TAMs play a role in the formation of CTCL by the production of various chemokines [5, 6, 7, 8]. As we have previously reported, stromal factors in CTCL (periostin, IL-4) are expressed in the cancer stroma of the lesional dermis after the plaque stage of mycosis fungoides (MF) [7]. Notably, these macrophage stimulatory factors induce the production of specific chemokines that correlate with the recruitment of CTCL cells [6, 7, 8], suggesting that TAMs could be a target for CTCL treatment [5]. Indeed, recently Kim et al. [9] reported the efficacy of brentuximab vedotin, anti-CD30 Ab, for the treatment of advanced MF and Sézary syndrome by targeting not only CTCL cells but also CD30+CD163+ TAMs in the lesional skin of MF. In addition, Furudate et al. [8] reported the therapeutic and immunomodulatory effects of IFN-α2a on TAMs in patients with advanced MF. These clinical and research studies suggested that TAMs play a crucial role in CTCL development.

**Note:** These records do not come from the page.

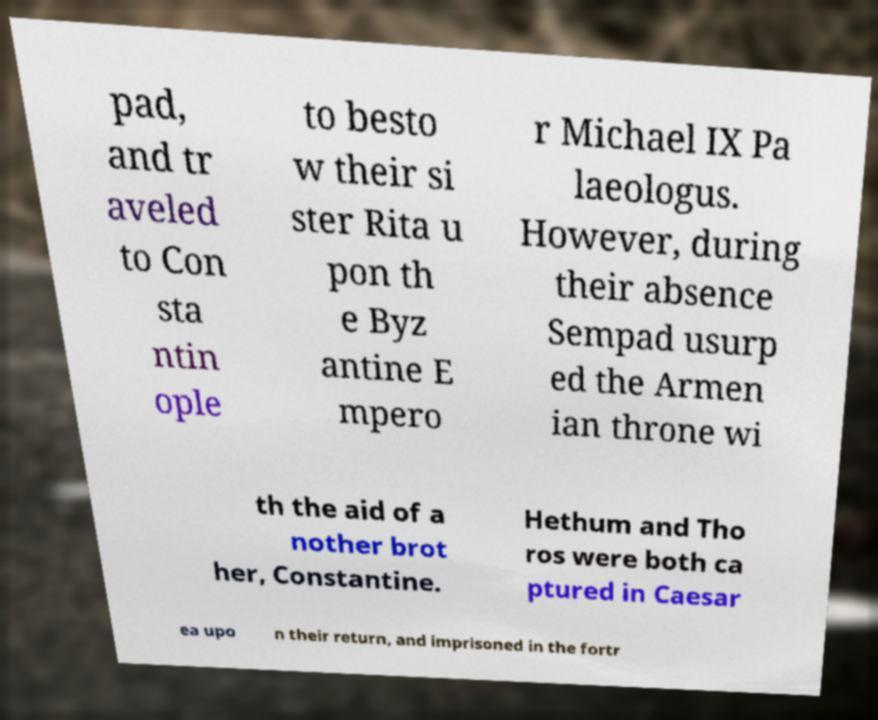Could you extract and type out the text from this image? pad, and tr aveled to Con sta ntin ople to besto w their si ster Rita u pon th e Byz antine E mpero r Michael IX Pa laeologus. However, during their absence Sempad usurp ed the Armen ian throne wi th the aid of a nother brot her, Constantine. Hethum and Tho ros were both ca ptured in Caesar ea upo n their return, and imprisoned in the fortr 
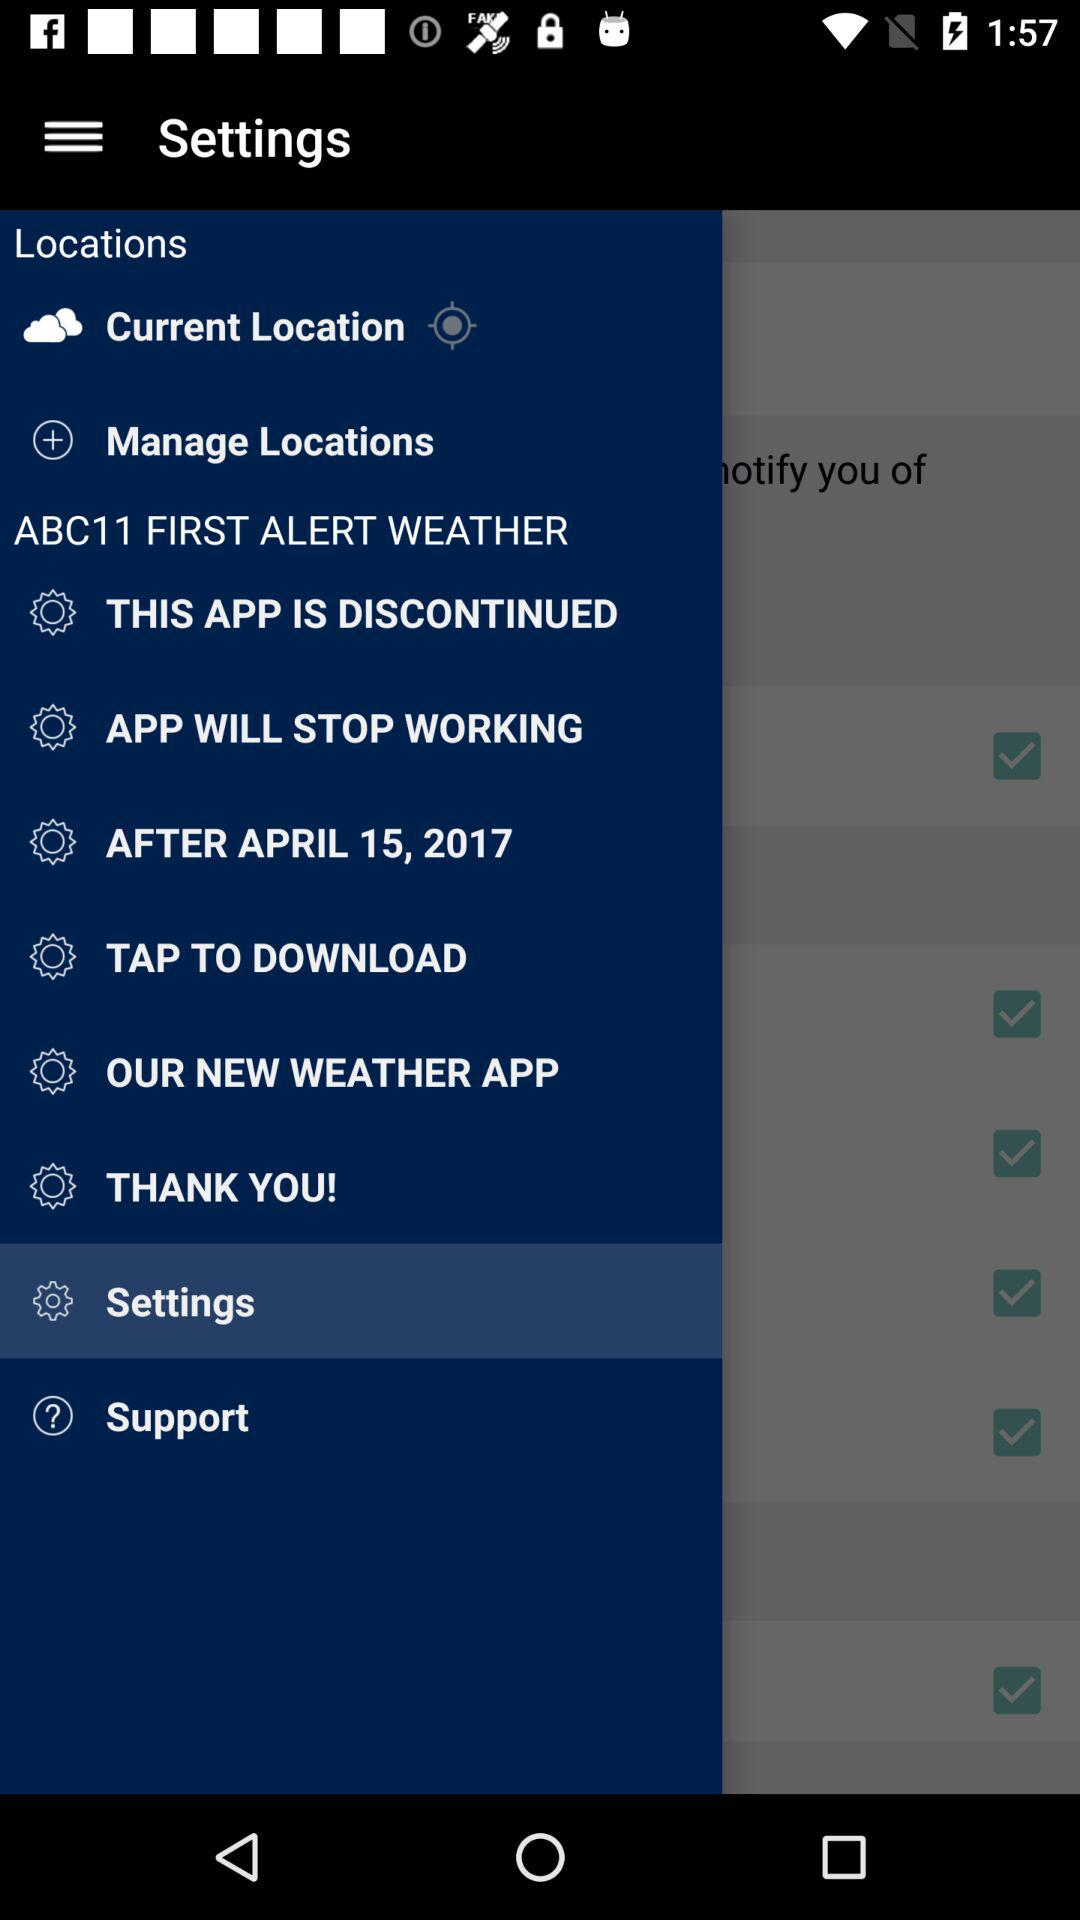Which item is selected? The selected item is "Settings". 
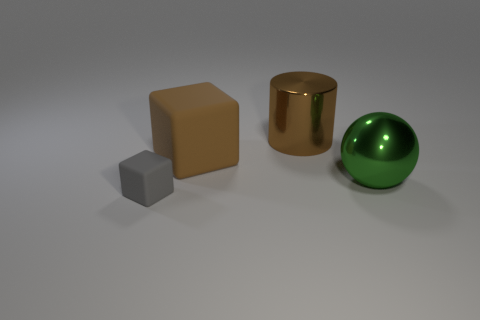Add 2 big brown rubber things. How many objects exist? 6 Add 3 brown objects. How many brown objects are left? 5 Add 4 large green things. How many large green things exist? 5 Subtract 1 gray cubes. How many objects are left? 3 Subtract all small gray spheres. Subtract all large cubes. How many objects are left? 3 
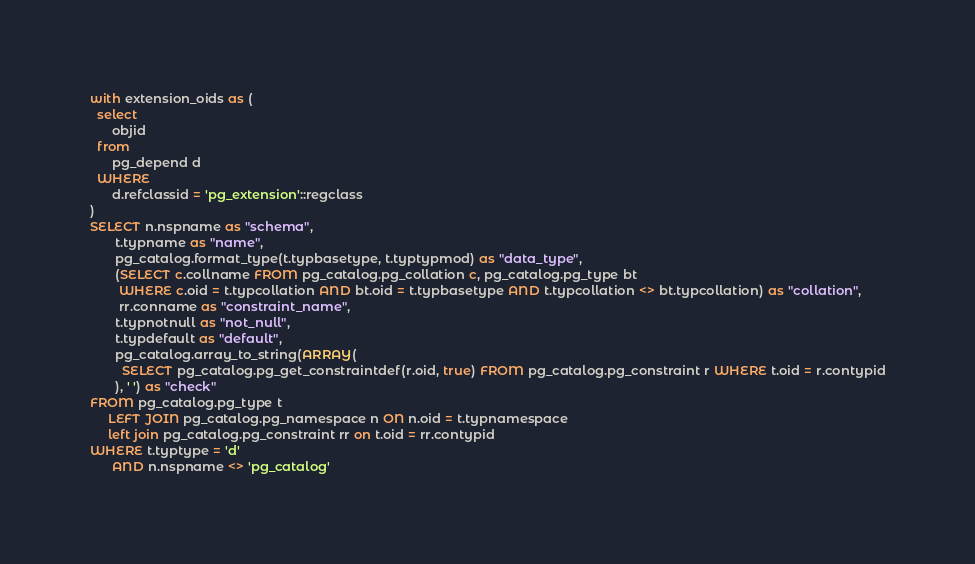<code> <loc_0><loc_0><loc_500><loc_500><_SQL_>with extension_oids as (
  select
      objid
  from
      pg_depend d
  WHERE
      d.refclassid = 'pg_extension'::regclass
)
SELECT n.nspname as "schema",
       t.typname as "name",
       pg_catalog.format_type(t.typbasetype, t.typtypmod) as "data_type",
       (SELECT c.collname FROM pg_catalog.pg_collation c, pg_catalog.pg_type bt
        WHERE c.oid = t.typcollation AND bt.oid = t.typbasetype AND t.typcollation <> bt.typcollation) as "collation",
        rr.conname as "constraint_name",
       t.typnotnull as "not_null",
       t.typdefault as "default",
       pg_catalog.array_to_string(ARRAY(
         SELECT pg_catalog.pg_get_constraintdef(r.oid, true) FROM pg_catalog.pg_constraint r WHERE t.oid = r.contypid
       ), ' ') as "check"
FROM pg_catalog.pg_type t
     LEFT JOIN pg_catalog.pg_namespace n ON n.oid = t.typnamespace
     left join pg_catalog.pg_constraint rr on t.oid = rr.contypid
WHERE t.typtype = 'd'
      AND n.nspname <> 'pg_catalog'</code>

In this report, we describe a case of sarcoidosis-lymphoma syndrome associated with folliculotropic PTCL-NOS. In our present case, dense infiltration of CD30+ CD163+ macrophages was detected only in the lesional skin but not in the lymph nodes; Langhans giant cells and atypical lymphocytes were detected in both the lesional skin and lymph nodes. This phenomenon might suggest that the populations of atypical lymphocytes in the skin and lymph nodes were different in our case. Indeed, the efficacy of prednisolone was different in the skin lesions and lymph nodes in our case. These observations suggested that CD30+ CD163+ TAMs might play roles in the clonal recruitment of CTCL cells in the lesional skin. This report presents only a single case, but further cases may provide fundamental insights into the mechanisms of the coexistence of sarcoidosis and CTCLs.

Statement of Ethics

The patient gave written informed consent.

Disclosure Statement

The authors declare no conflicts of interest.